OGH 15Os141/15x

OGH15Os141/15x13.1.2016

Der Oberste Gerichtshof hat am 13. Jänner 2016 durch den Senatspräsidenten des Obersten Gerichtshofs Prof. Dr. Danek als Vorsitzenden sowie den Hofrat des Obersten Gerichtshofs Mag. Lendl und die Hofrätinnen des Obersten Gerichtshofs Dr. Michel‑Kwapinski, Mag. Fürnkranz und Dr. Mann als weitere Richter in Gegenwart der Richteramtsanwärterin Mag. Jukic als Schriftführerin in der Strafsache gegen Okan G***** und andere Angeklagte wegen des Verbrechens nach § 3h VerbotsG und weiterer strafbarer Handlungen über die Nichtigkeitsbeschwerden und die Berufungen des Angeklagten Yasser Go***** und der Staatsanwaltschaft sowie die Berufung des Angeklagten Karim S***** gegen das Urteil des Landesgerichts für Strafsachen Graz als Geschworenengericht vom 19. Juni 2015, GZ 14 Hv 30/15t-146, nach Anhörung der Generalprokuratur in nichtöffentlicher Sitzung den

Beschluss

gefasst:

European Case Law Identifier: ECLI:AT:OGH0002:2016:0150OS00141.15X.0113.000

 

Spruch:

Die Nichtigkeitsbeschwerden werden zurückgewiesen.

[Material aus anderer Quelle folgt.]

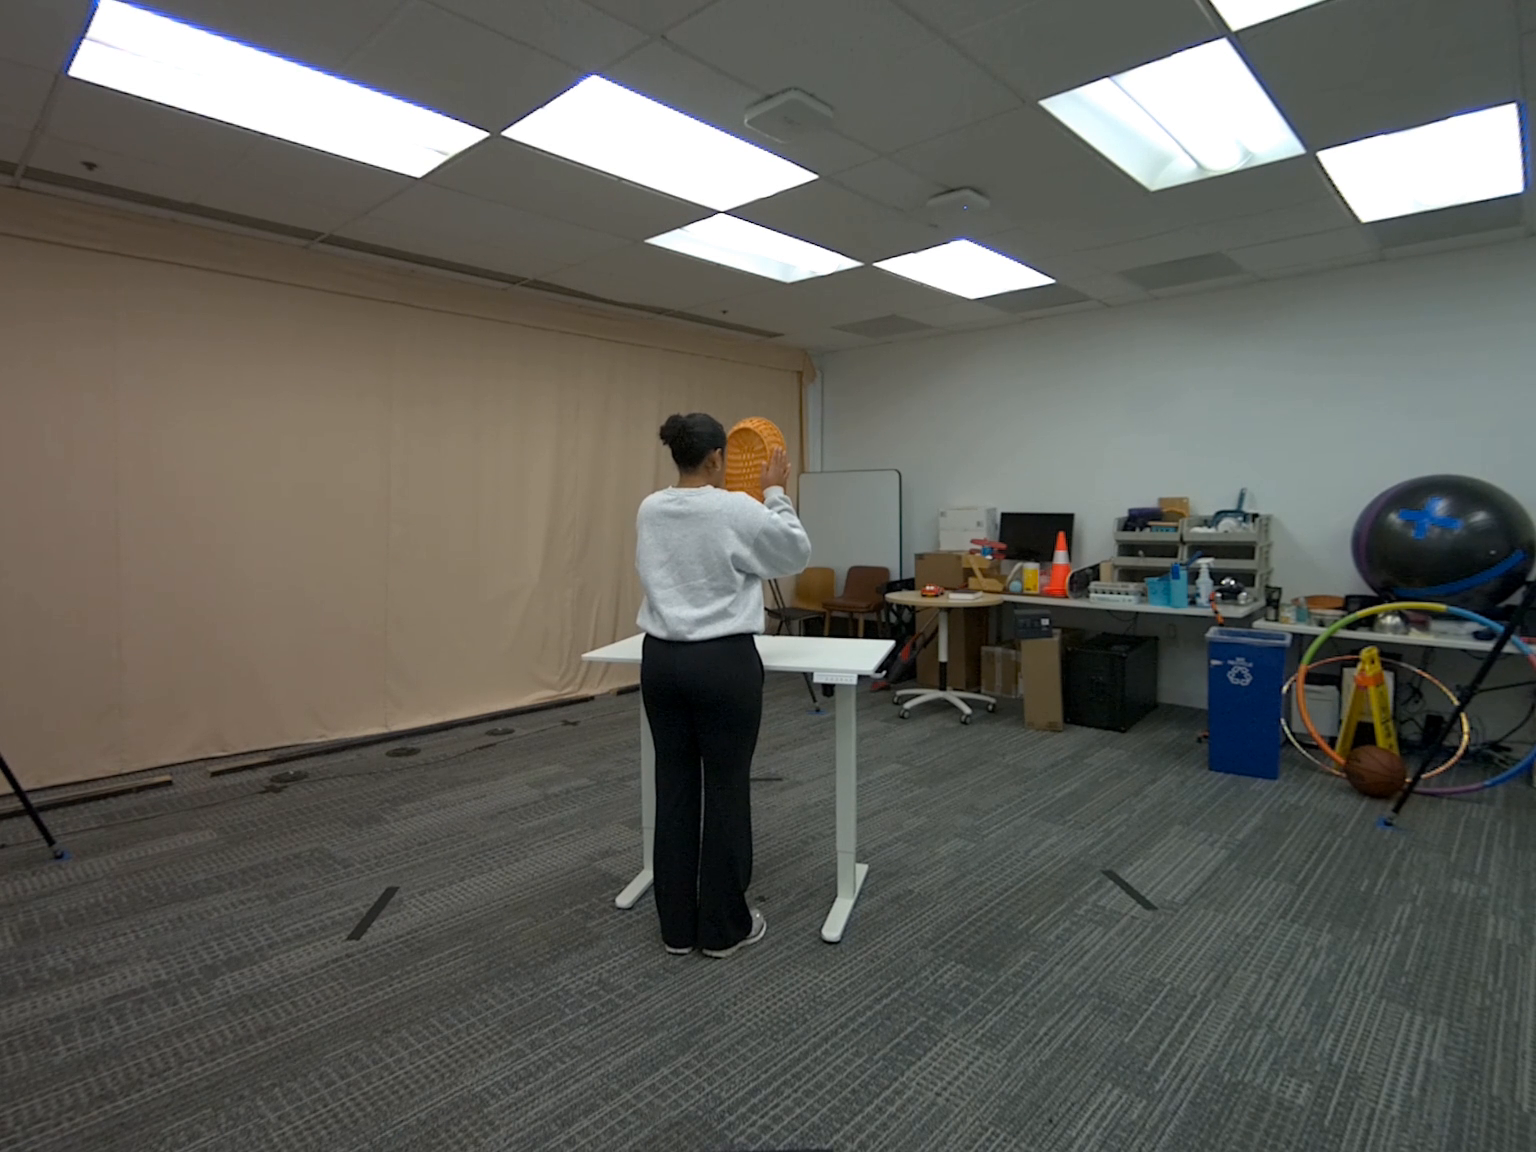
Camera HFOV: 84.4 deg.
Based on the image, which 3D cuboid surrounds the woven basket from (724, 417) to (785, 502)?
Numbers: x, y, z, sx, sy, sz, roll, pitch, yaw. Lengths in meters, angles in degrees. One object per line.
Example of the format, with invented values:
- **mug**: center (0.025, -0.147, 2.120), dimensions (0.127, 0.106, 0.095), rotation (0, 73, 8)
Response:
- **woven basket**: center (-0.056, -0.355, 2.850), dimensions (0.259, 0.351, 0.071), rotation (-10, -1, 30)
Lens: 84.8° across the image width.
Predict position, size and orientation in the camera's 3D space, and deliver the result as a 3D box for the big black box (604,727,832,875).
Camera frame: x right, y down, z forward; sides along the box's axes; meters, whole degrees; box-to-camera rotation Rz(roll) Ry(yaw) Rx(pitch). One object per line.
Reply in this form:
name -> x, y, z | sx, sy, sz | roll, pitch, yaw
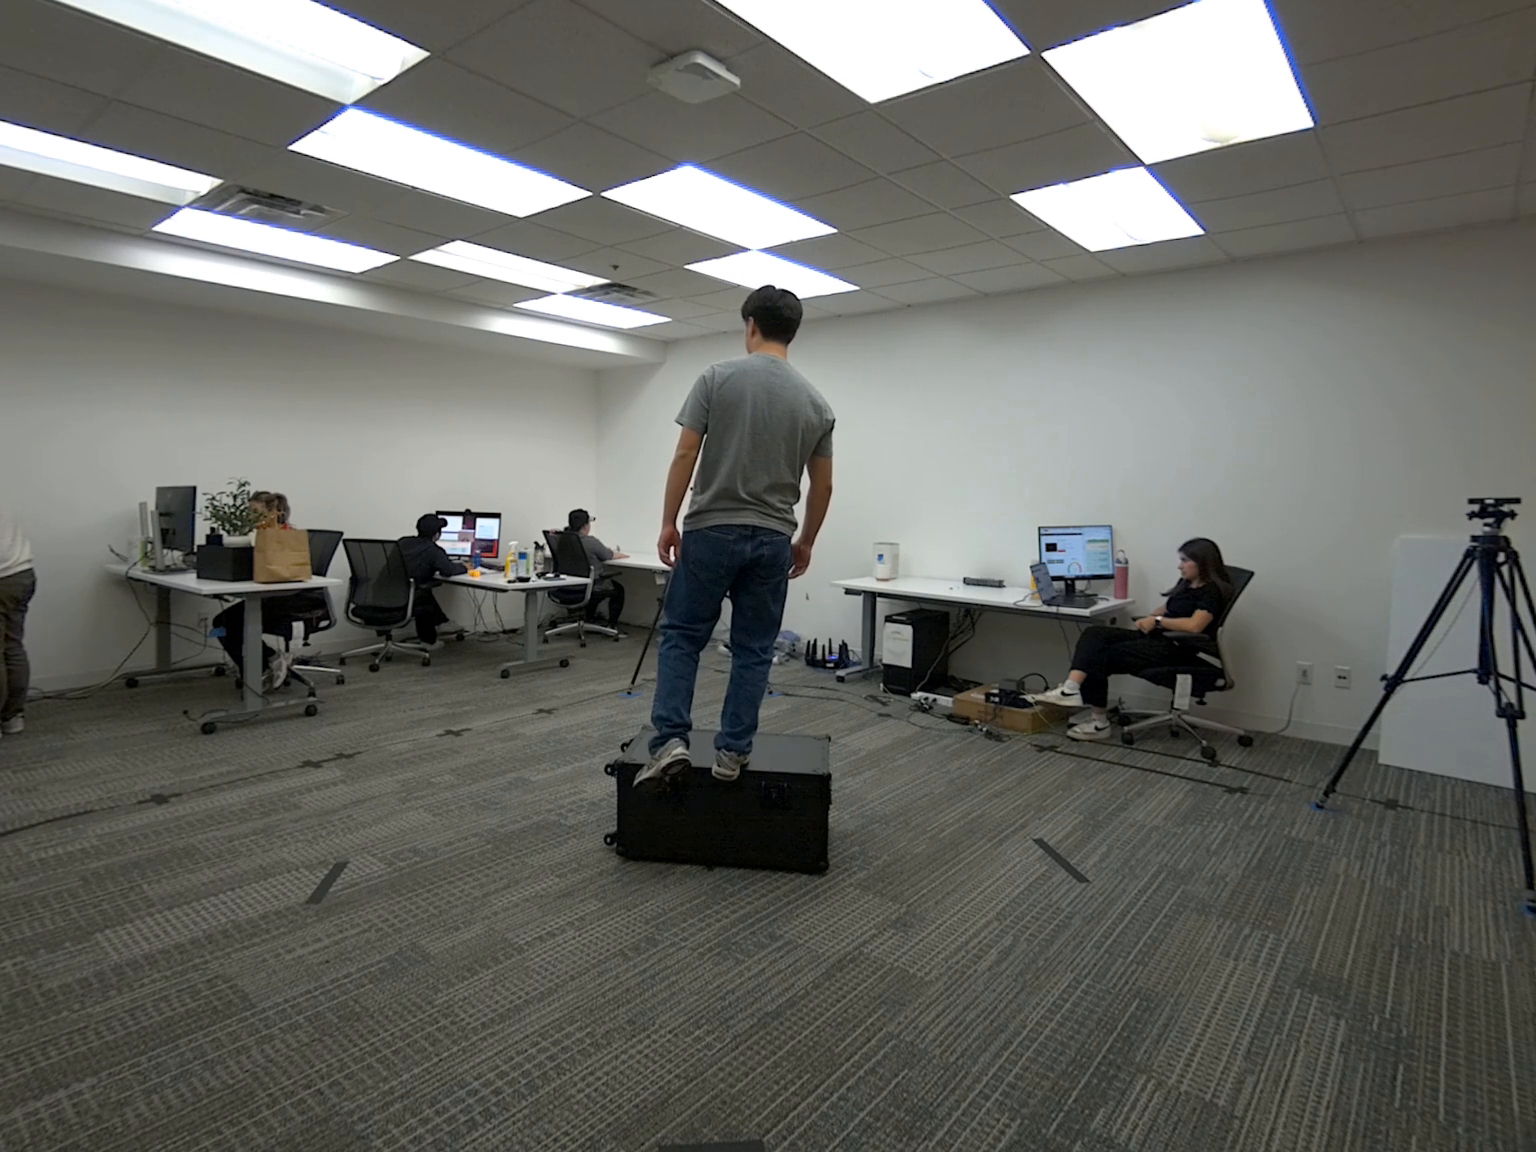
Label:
big black box -> -0.197, 0.851, 3.337 | 0.868, 0.394, 0.520 | 2, 6, 6
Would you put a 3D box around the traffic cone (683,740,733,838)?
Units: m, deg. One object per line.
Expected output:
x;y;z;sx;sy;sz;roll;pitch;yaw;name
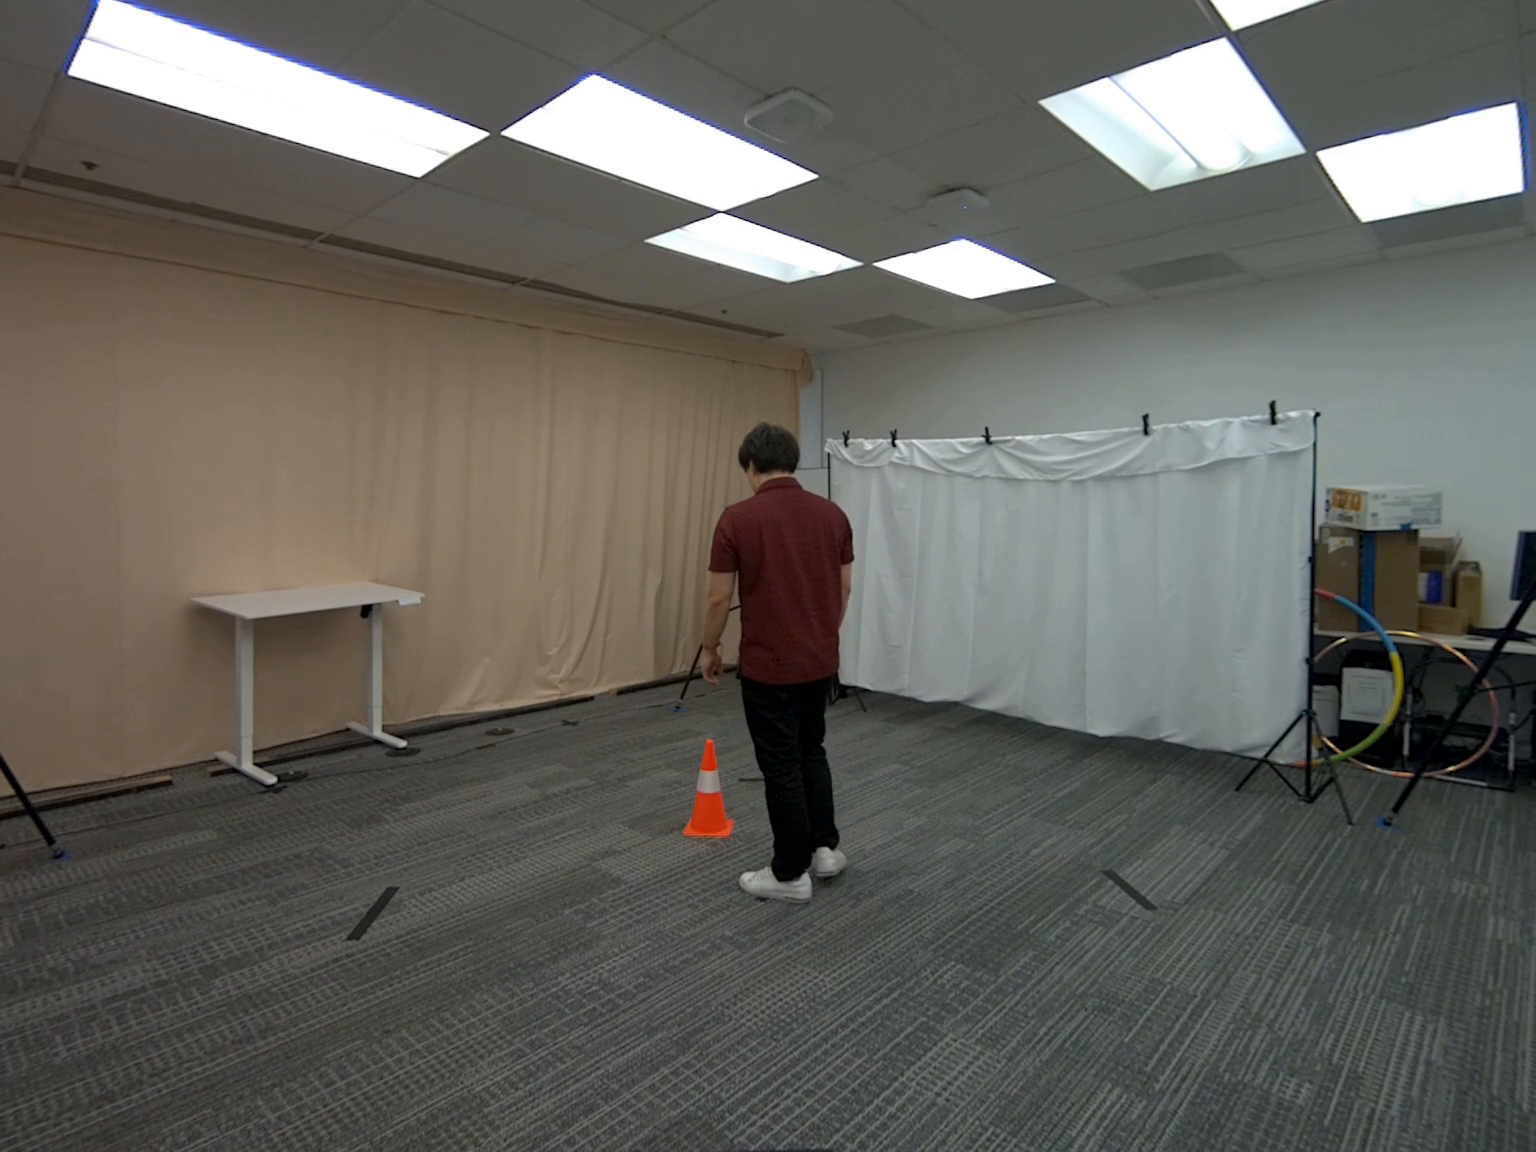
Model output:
-0.263;0.903;3.652;0.207;0.383;0.201;0;3;11;traffic cone
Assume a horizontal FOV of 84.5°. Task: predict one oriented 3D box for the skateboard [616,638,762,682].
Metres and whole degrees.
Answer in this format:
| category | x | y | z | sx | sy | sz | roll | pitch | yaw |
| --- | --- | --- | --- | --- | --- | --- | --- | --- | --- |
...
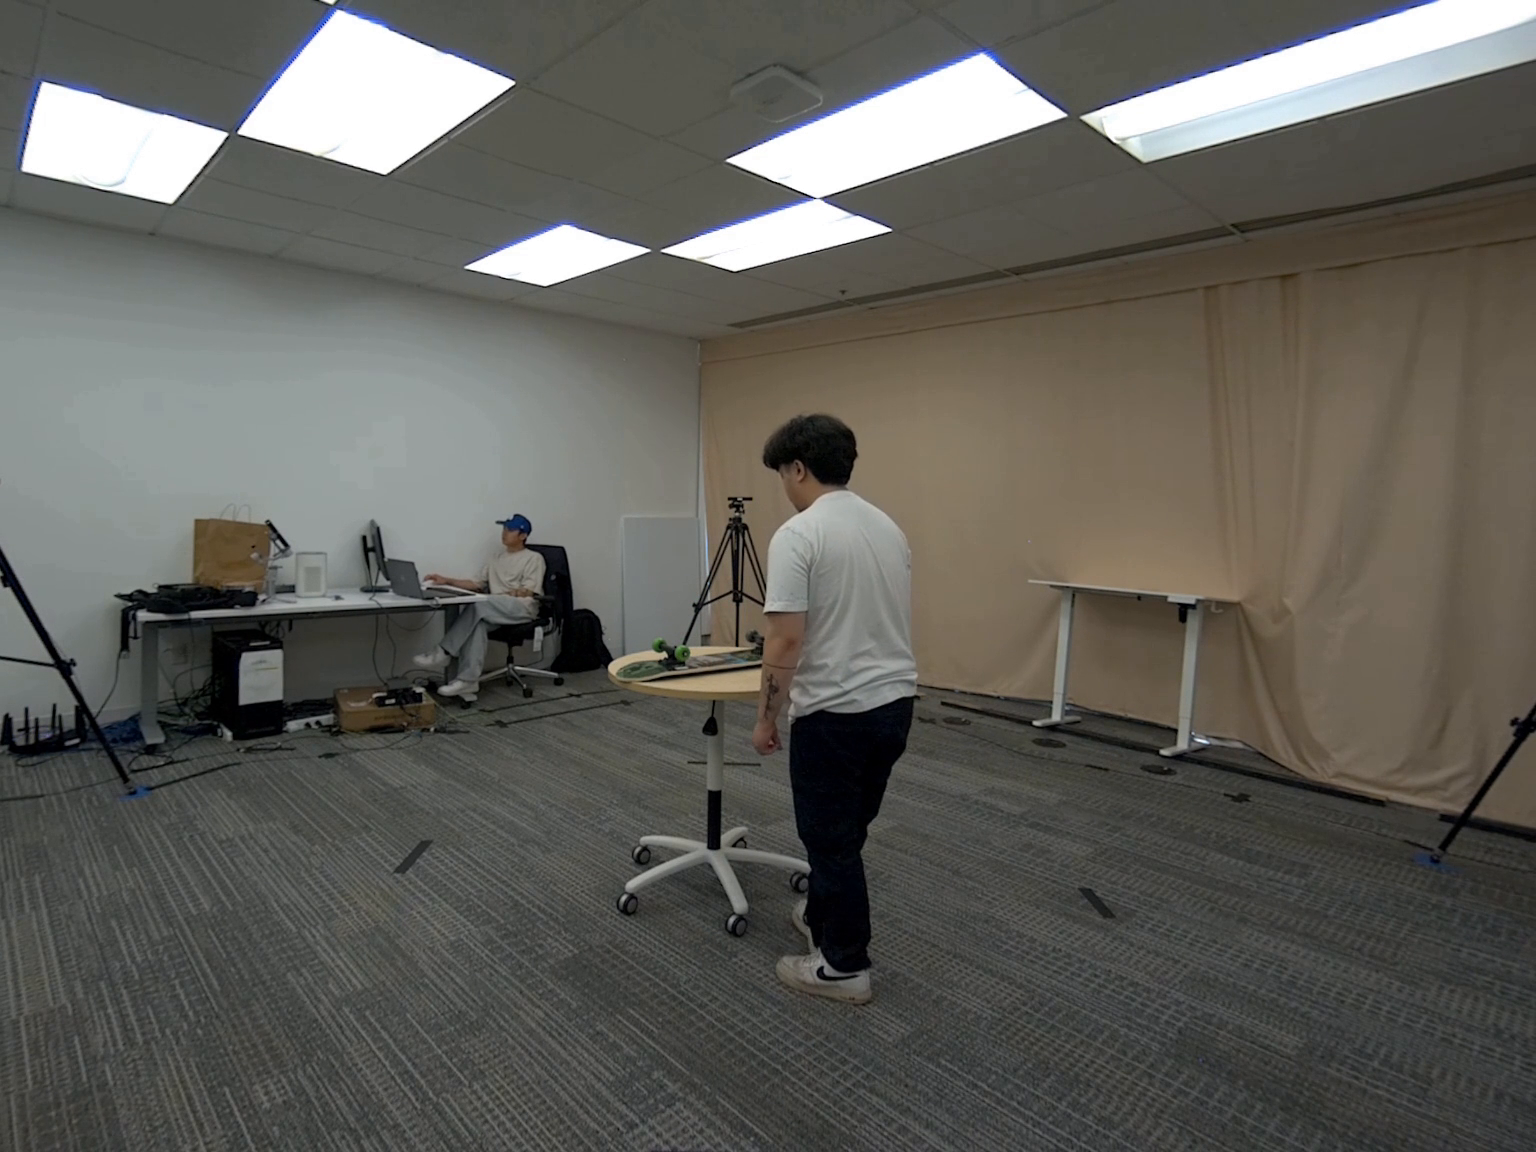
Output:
| category | x | y | z | sx | sy | sz | roll | pitch | yaw |
| --- | --- | --- | --- | --- | --- | --- | --- | --- | --- |
| skateboard | -0.171 | 0.271 | 2.962 | 0.769 | 0.110 | 0.198 | -3 | 8 | -34 |
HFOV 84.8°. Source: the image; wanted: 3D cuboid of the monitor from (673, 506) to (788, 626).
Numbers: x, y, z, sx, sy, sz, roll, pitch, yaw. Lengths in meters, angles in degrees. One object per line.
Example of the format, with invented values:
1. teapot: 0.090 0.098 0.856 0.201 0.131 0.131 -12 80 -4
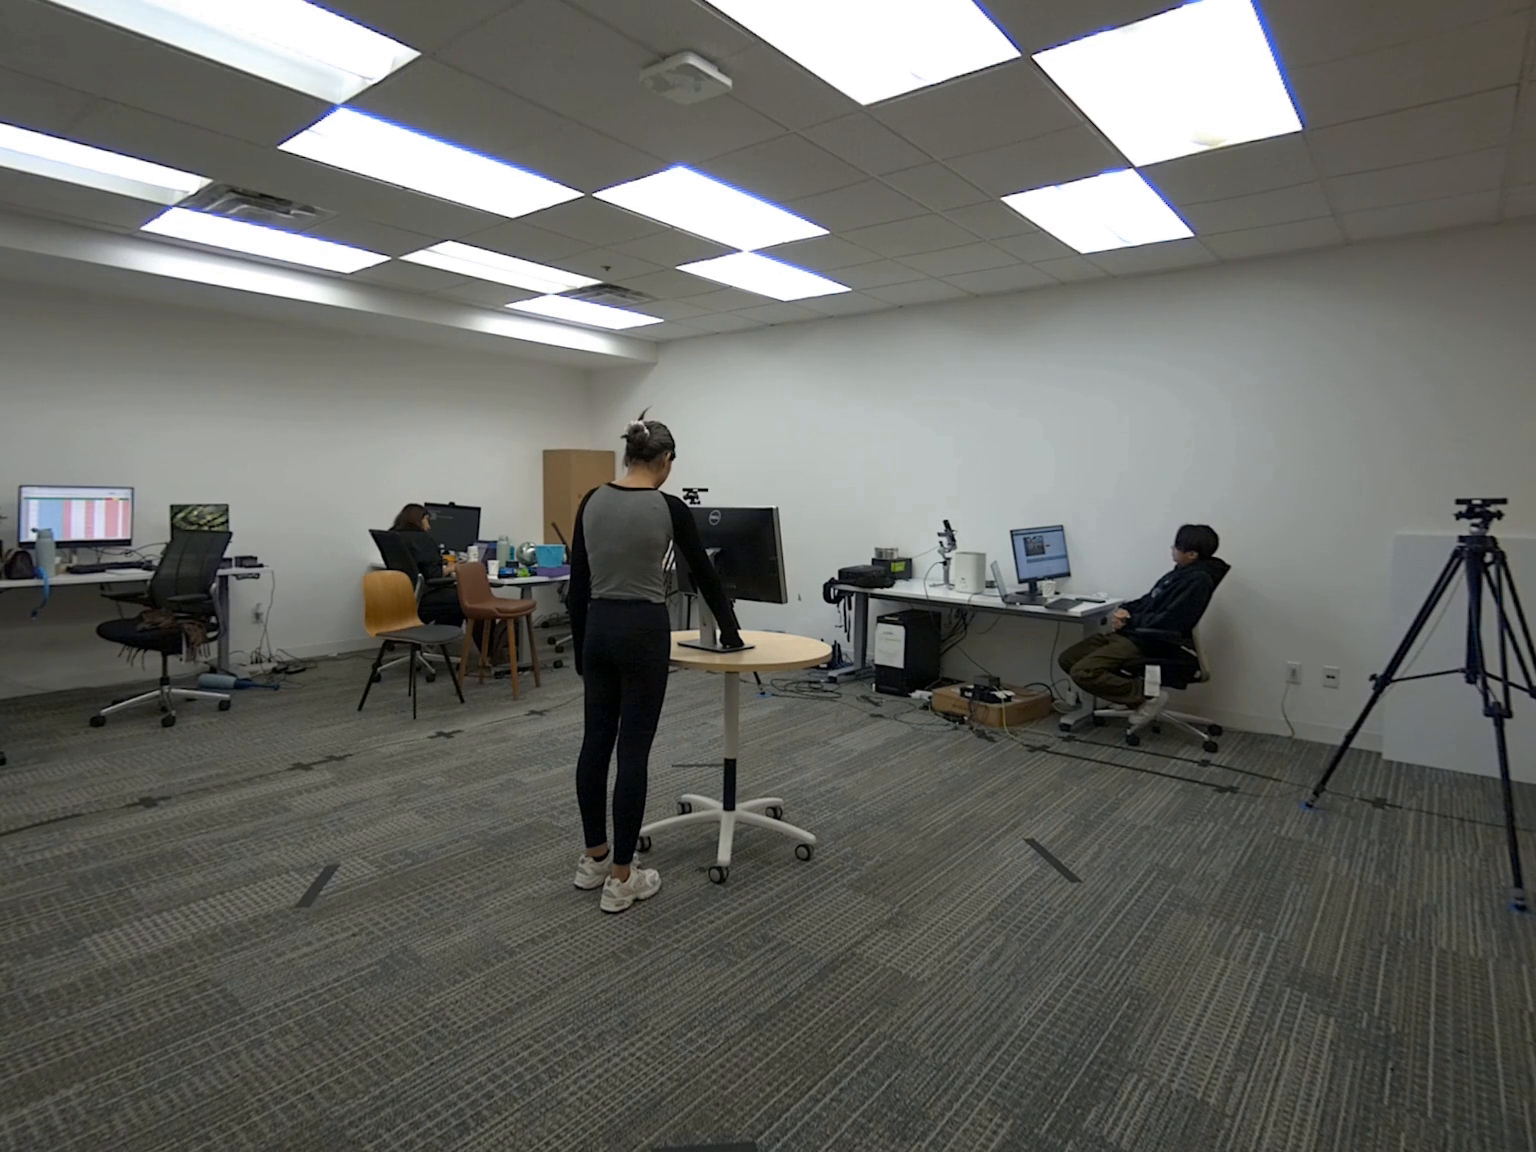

Zur Entscheidung über die Berufungen werden die Akten dem Oberlandesgericht Graz zugeleitet.

Dem Angeklagten Yasser Go***** fallen die Kosten des bisherigen Rechtsmittelverfahrens zur Last.

Gründe:

Mit dem angefochtenen, auf dem Wahrspruch der Geschworenen beruhenden Urteil wurden ‑ soweit für das Verfahren über die Nichtigkeitsbeschwerden von Bedeutung ‑ Okan G*****, Said Y*****, Marwan B*****, Karim S***** und Yasser Go***** jeweils (richtig:) der Vergehen der Verhetzung nach § 283 Abs 1 und § 283 Abs 2 StGB schuldig erkannt.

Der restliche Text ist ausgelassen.